*** Begin section ***

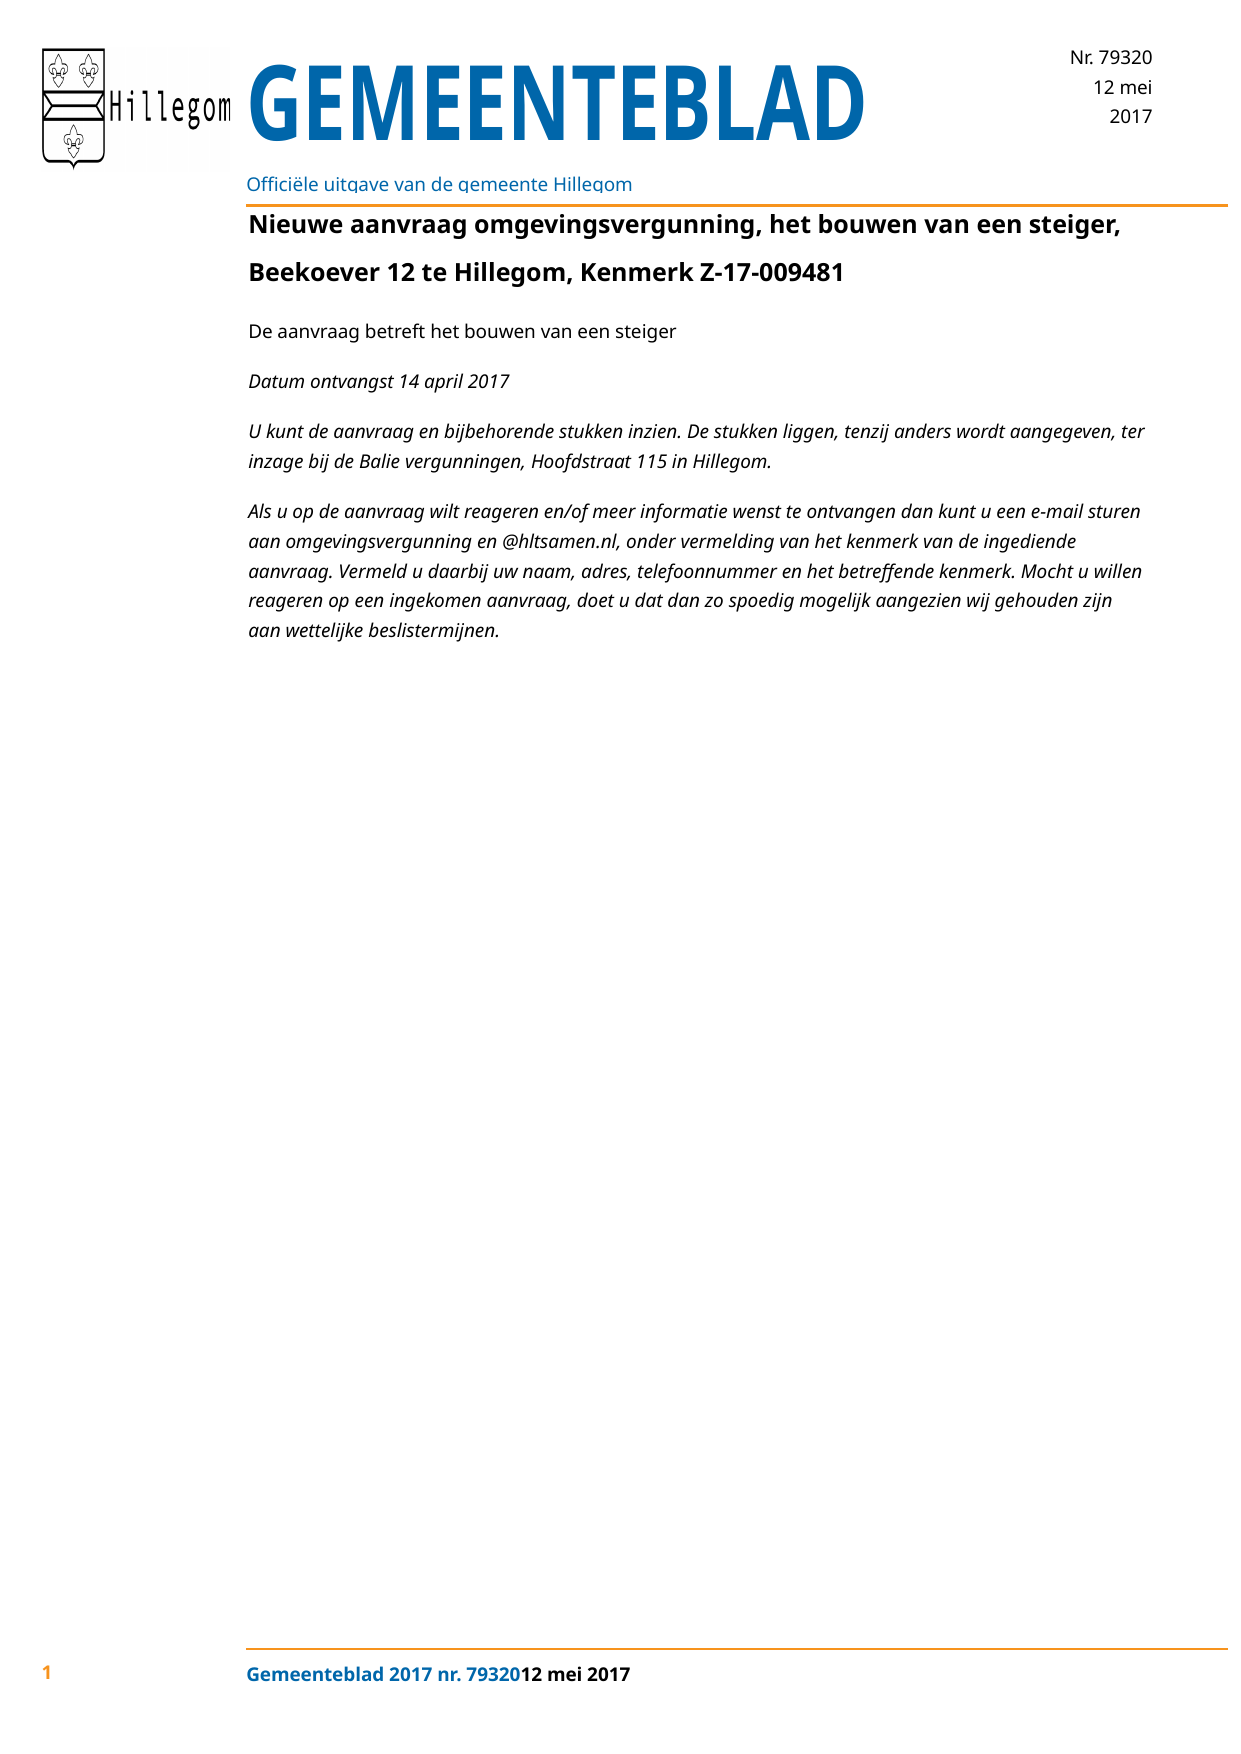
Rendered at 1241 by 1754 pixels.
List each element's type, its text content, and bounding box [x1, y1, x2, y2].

text De aanvraag betreft het bouwen van een steiger [248, 318, 1152, 344]
text Nieuwe aanvraag omgevingsvergunning, het bouwen van een steiger, Beekoever 12 te Hillegom, Kenmerk Z-17-009481 [248, 207, 1152, 288]
picture [41, 47, 231, 172]
text U kunt de aanvraag en bijbehorende stukken inzien. De stukken liggen, tenzij anders wordt aangegeven, ter inzage bij de Balie vergunningen, Hoofdstraat 115 in Hillegom. [248, 419, 1152, 474]
text Datum ontvangst 14 april 2017 [248, 368, 1152, 394]
text Als u op de aanvraag wilt reageren en/of meer informatie wenst te ontvangen dan kunt u een e-mail sturen aan omgevingsvergunning en @hltsamen.nl, onder vermelding van het kenmerk van de ingediende aanvraag. Vermeld u daarbij uw naam, adres, telefoonnummer en het betreffende kenmerk. Mocht u willen reageren op een ingekomen aanvraag, doet u dat dan zo spoedig mogelijk aangezien wij gehouden zijn aan wettelijke beslistermijnen. [248, 499, 1152, 643]

*** End section ***

§ What the exercise asks: Taking the entries above, restate exactly those lines that fall between the line with "List each element's" and the line with "text Datum ontvangst", keeping both of those lines too.

§ Answer for this exercise:
List each element's type, its text content, and bounding box [x1, y1, x2, y2].

text De aanvraag betreft het bouwen van een steiger [248, 318, 1152, 344]
text Nieuwe aanvraag omgevingsvergunning, het bouwen van een steiger, Beekoever 12 te Hillegom, Kenmerk Z-17-009481 [248, 207, 1152, 288]
picture [41, 47, 231, 172]
text U kunt de aanvraag en bijbehorende stukken inzien. De stukken liggen, tenzij anders wordt aangegeven, ter inzage bij de Balie vergunningen, Hoofdstraat 115 in Hillegom. [248, 419, 1152, 474]
text Datum ontvangst 14 april 2017 [248, 368, 1152, 394]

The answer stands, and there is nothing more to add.